她放下书,起身过去摸了摸他额头。

“也没发烧,你怎么看起来魂不守舍的?”

他的眼神这才聚焦:“我没事,只是最近在想一些事。”

他每日要想的很多,夏为仪也没多问,拉着他坐下,请教方才没看明白的地方。

她刚才看的是关于赈灾的部分,里面说若当地有豪绅愿意给银子,换取更好的生活条件和物资,问是否要答应。

书里给的答案是否。

她家是从商的,从商人的角度,这是笔生意,而且是暴利,自然要做。而且有了银子能买更多粮食,救助更多的人。

萧衍大致看了眼,道:

“向来不患寡而患不均,若在平日,平民和豪绅相距甚远,接触不到彼此的生活,但需要赈灾时,且连豪绅都需要寻求帮助,说明两者几乎处于同一层面,这时候彼此不再透明。

若进行金钱交易,普通灾民心中会有不平衡,甚至会觉得自己随时可能被舍弃,从而导致暴乱。至于银子能不能帮更多人,他们并不关心。
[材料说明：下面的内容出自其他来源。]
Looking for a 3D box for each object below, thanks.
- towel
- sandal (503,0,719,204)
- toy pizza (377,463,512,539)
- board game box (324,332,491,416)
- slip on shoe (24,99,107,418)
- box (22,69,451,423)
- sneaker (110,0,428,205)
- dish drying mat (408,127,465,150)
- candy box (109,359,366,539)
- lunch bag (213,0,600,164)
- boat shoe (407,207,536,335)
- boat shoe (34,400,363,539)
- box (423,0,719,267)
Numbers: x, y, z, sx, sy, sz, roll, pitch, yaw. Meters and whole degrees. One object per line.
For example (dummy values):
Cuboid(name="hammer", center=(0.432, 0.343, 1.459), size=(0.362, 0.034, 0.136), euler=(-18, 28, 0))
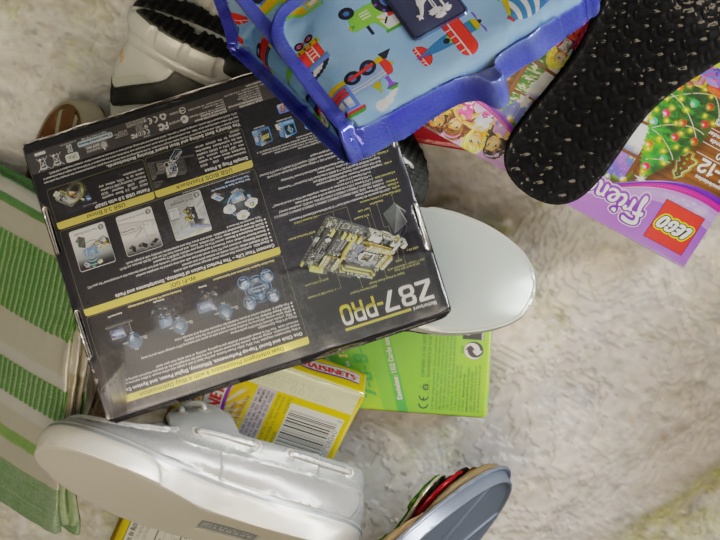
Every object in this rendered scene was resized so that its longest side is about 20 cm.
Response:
Cuboid(name="towel", center=(-0.205, 0.040, 1.593), size=(0.152, 0.023, 0.200), euler=(26, 118, 42))
Cuboid(name="sandal", center=(0.150, -0.120, 1.486), size=(0.075, 0.045, 0.200), euler=(37, 120, -9))
Cuboid(name="toy pizza", center=(0.011, 0.181, 1.581), size=(0.032, 0.200, 0.200), euler=(45, 109, 14))
Cuboid(name="board game box", center=(-0.022, 0.032, 1.605), size=(0.199, 0.030, 0.096), euler=(3, 109, 2))
Cuboid(name="slip on shoe", center=(-0.159, -0.004, 1.599), size=(0.060, 0.076, 0.201), euler=(-6, 104, -33))
Cuboid(name="box", center=(-0.067, -0.022, 1.482), size=(0.200, 0.049, 0.162), euler=(-18, 84, -2))
Cuboid(name="sneaker", center=(-0.054, -0.081, 1.559), size=(0.200, 0.074, 0.080), euler=(29, 114, 4))
Cuboid(name="dish drying mat", center=(0.079, -0.163, 1.540), size=(0.077, 0.018, 0.200), euler=(10, 111, 1))
Cuboid(name="candy box", center=(-0.079, 0.125, 1.622), size=(0.102, 0.026, 0.200), euler=(21, 124, -8))
Cuboid(name="lunch bag", center=(0.023, -0.134, 1.395), size=(0.150, 0.200, 0.094), euler=(-30, 133, -9))
Cuboid(name="boat shoe", center=(0.000, 0.000, 1.540), size=(0.199, 0.064, 0.071), euler=(8, 76, 2))
Cuboid(name="boat shoe", center=(-0.088, 0.112, 1.556), size=(0.200, 0.069, 0.072), euler=(17, 152, -12))
Cuboid(name="box", center=(0.134, -0.107, 1.528), size=(0.200, 0.039, 0.137), euler=(27, 108, -12))

其实书里也不全对,豪绅掌握当地资源,若让豪绅签订契约,灾后割舍资源,让利于百姓和朝廷……”

夏为仪点点头,将书放下,拿笔记下他说的话。

“公主最近越发勤奋了。”

冷不丁一句让夏为仪好似回到读书的时候。

她好想叫他一句“老师”,不过不是现在。

“你少调侃我。”说着看向他手里的书,“你又给我带什么书了?”

他把书拿出来:“打发时间的话本,有些意思,公主可以看看放松一下。”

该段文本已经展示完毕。